You know what, Joe? There's a good chance that graduates of the best universities in the country do know more than people who haven't. Or maybe they don't. It depends on how well they were paying attention, how hard they worked and how smart they were to begin with. But mostly, it depends on their attitude toward the facts they pick up. Because if there's one thing we've learned over the last seven-plus years, from a Yale and Harvard grad who's made it clear he doesn't believe in them, a supposed real guy who shoots from the hip and decides from the gut, is this: Facts are not bad things. We should not have an aversion to them, or the people who take them seriously when forming policy. And I can't take another day of listening to talking heads championing the virtues of knowing nothing.

Maybe I shouldn't get so steamed about the subject. Maybe it's better just to laugh. Jon Stewart did a riff on this subject last week in a Daily Show segment on the federal government's 11-year-long, $1.3 billion abstinence-only education program, and how it's failed.

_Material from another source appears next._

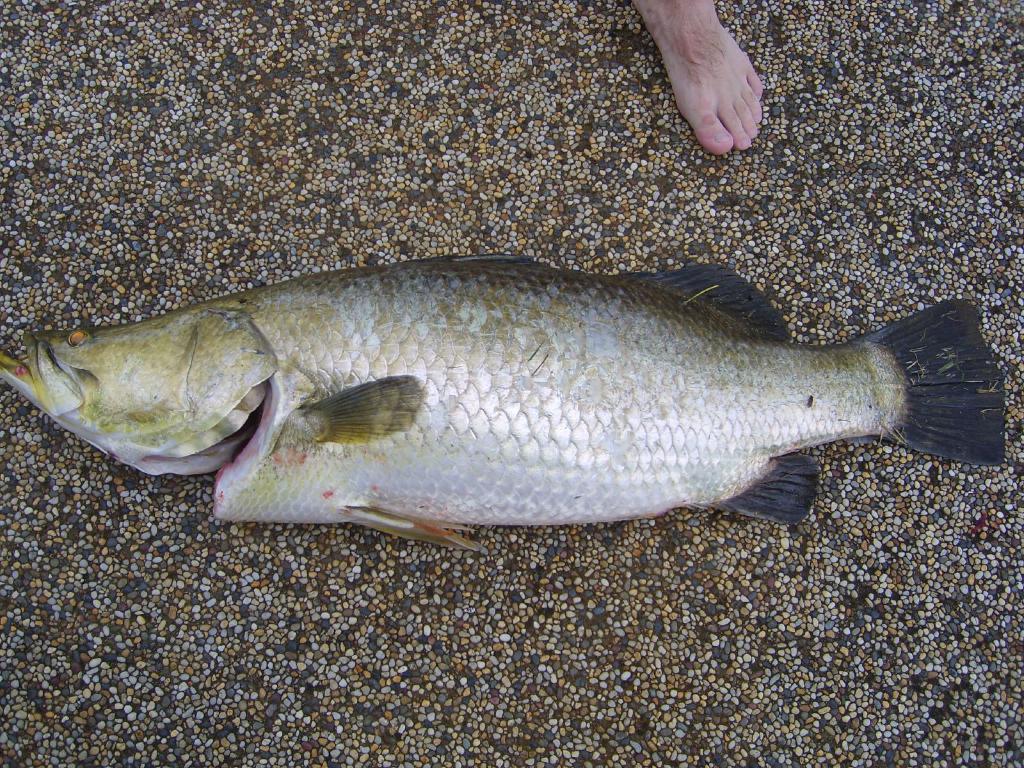In one or two sentences, can you explain what this image depicts? In this image in the middle, there is a fish. At the top there is a person leg. In the background there are stones. 
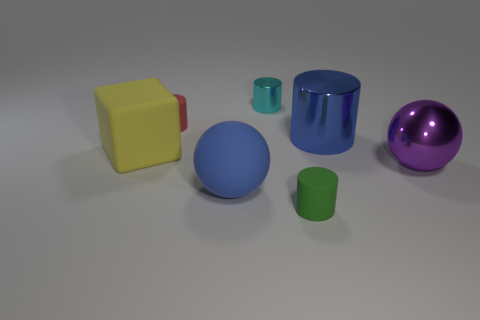Add 1 small green rubber cylinders. How many objects exist? 8 Subtract all small green rubber cylinders. How many cylinders are left? 3 Subtract all blocks. How many objects are left? 6 Subtract 2 cylinders. How many cylinders are left? 2 Subtract all green cylinders. How many cylinders are left? 3 Subtract all brown cubes. Subtract all gray cylinders. How many cubes are left? 1 Subtract all yellow cylinders. How many red spheres are left? 0 Subtract all big purple metal balls. Subtract all large metallic cylinders. How many objects are left? 5 Add 3 large rubber spheres. How many large rubber spheres are left? 4 Add 6 metal cylinders. How many metal cylinders exist? 8

Inevitably, a Republican Congressman referred to the "people who maybe have degrees in this field" as "elitist" because they think they know more about the subject than parents. To which Stewart added "And I don't like these elitist airline pilots with their locked doors and ability to fly planes. I think I know how to fly my own children through the air!" What more can you say? Snap.

Okay, how about this: Since when did real life experience and education become mutually exclusive? This line of unreason gets trotted out every time a candidate has an unpopular or unworkable idea to sell, or needs to defend a bad plan that predictably didn't pan out. It's a dead giveaway that the policy in question is bull (read: gas tax holiday). When we hear a candidate say that "experts don't know anything," or "I'm not throwing my lot in with the experts," we should vow to do the opposite of what the speaker wants. It's that simple.

But suppose the person making the argument for being uninformed defends it by saying that "Highly-educated people don't know how real people live, because they've spent their lives in ivory towers." In that case, you'd want to know that the candidate backed by the experts understands the concerns of working people. So Sleeping Beauty? Don't vote for her; she doesn't get the pain at the pump. But say the candidate is someone raised by a single mother in the heartland; has worked hard all his life; traveled throughout the world from an early age; and has overcome adversity to gain entrance into one of those hallowed halls of higher learning so decried by Joe Scarborough. No one could call that person "elitist," could they?